Milano, conto ripulito dai truffatori online. Il giudice: ora la banca deve rimborsare

La vittima di una truffa online vince il ricorso e ottiene gli 8.128 euro sottratti. "Gli istituti di credito investano su protezioni più efficaci"

I truffatori usano sistemi sofisticati approfittando della buona fede degli utenti

I truffatori usano sistemi sofisticati approfittando della buona fede degli utenti

Milano, 10 dicembre 2021 - Il correntista era rimasto vittima di una delle forme più sofisticate di truffa online, che parte da un messaggio “civetta“ per arrivare alla telefonata di un finito operatore che carpisce codici segreti e svuota il conto.
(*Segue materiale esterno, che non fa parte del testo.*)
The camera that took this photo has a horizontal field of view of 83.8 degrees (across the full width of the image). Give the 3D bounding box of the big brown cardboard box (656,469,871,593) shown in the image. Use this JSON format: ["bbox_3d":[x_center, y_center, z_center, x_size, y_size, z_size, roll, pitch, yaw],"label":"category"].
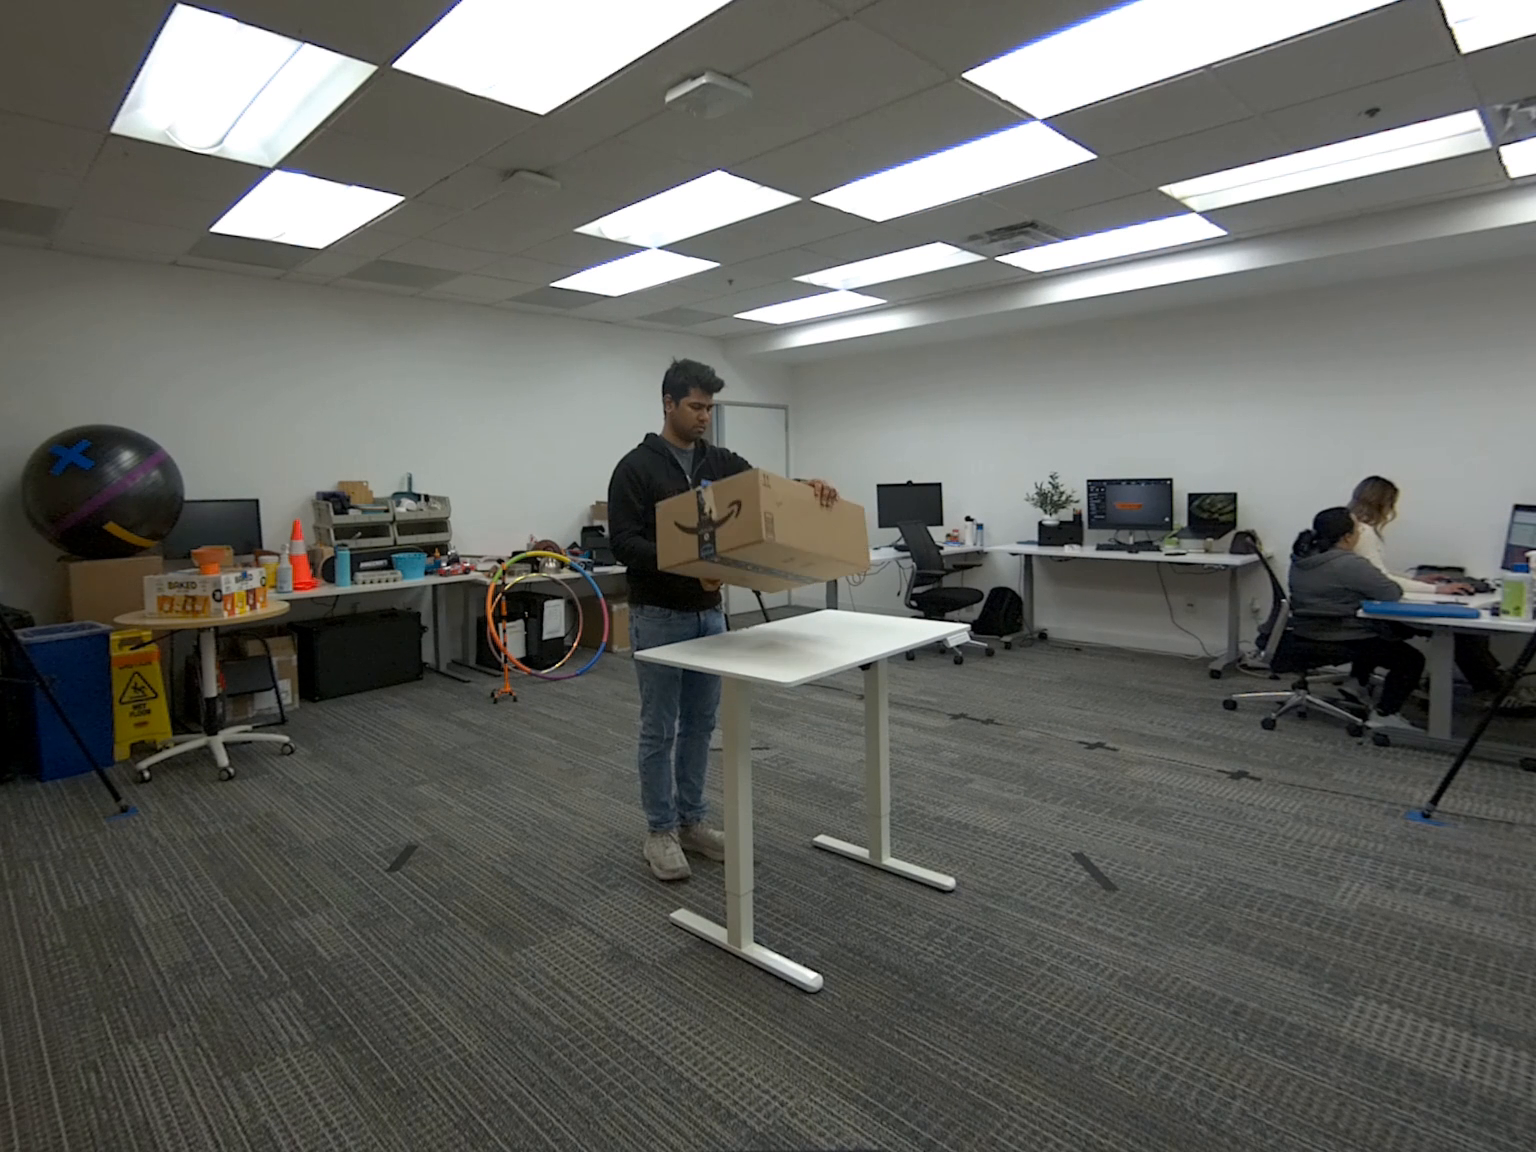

Il risultato: 8.128 euro volatilizzati, e finiti nelle tasche dei truffatori attraverso tre distinte operazioni effettuate fra il 18 e il 19 dicembre 2020. Un anno dopo la frode, il collegio milanese dell’Arbitro Bancario Finanziario (organismo istituito per dirimere le controversie tra cittadini e istituti di credito evitando cause in Tribunale) ha dato ragione al malcapitato. L’istituto di credito, in questo caso Poste Italiane, dovrà rimborsare la somma prelevata con l’inganno dai truffatori. Così il correntista potrà recuperare l’intero importo. "Ribadiamo a tutti i gestori del credito la necessità di investire in sistemi di protezione sofisticati", spiega Christian Gambarelli, presidente dell’Adiconsum Milano, l’associazione di consumatori promossa dalla Cisl che ha seguito il ricorso. «Il sistema bancario in generale sta recuperando ingenti risorse attraverso il forte taglio di personale – prosegue – noi crediamo che possano essere impiegate per fare in modo che la tutela dei risparmiatori sia all’altezza". La vittima della truffa, si legge nel provvedimento dell’Abf, era stata agganciata dopo l’installazione dell’app delle Poste da un falso operatore del reparto anti-frodi che, con la scusa di "movimenti sospetti risultati sul conto", approfittando della buona fede lo aveva indotto a compiere una serie di operazioni online che avevano disposto pagamenti a sua insaputa. I legali di Poste hanno sostenuto la validità dei sistemi di protezione: la truffa "si è realizzata per il comportamento colposo del cliente", che ha comunicato incautamente dati e codici segreti nonostante le campagne di prevenzione sul fenomeno del phishing. Per il collegio, però, "in mancanza di allegazione della documentazione comprovante la corretta autenticazione delle operazioni contestate queste devono essere considerate non autorizzate, con conseguente integrale rimborso".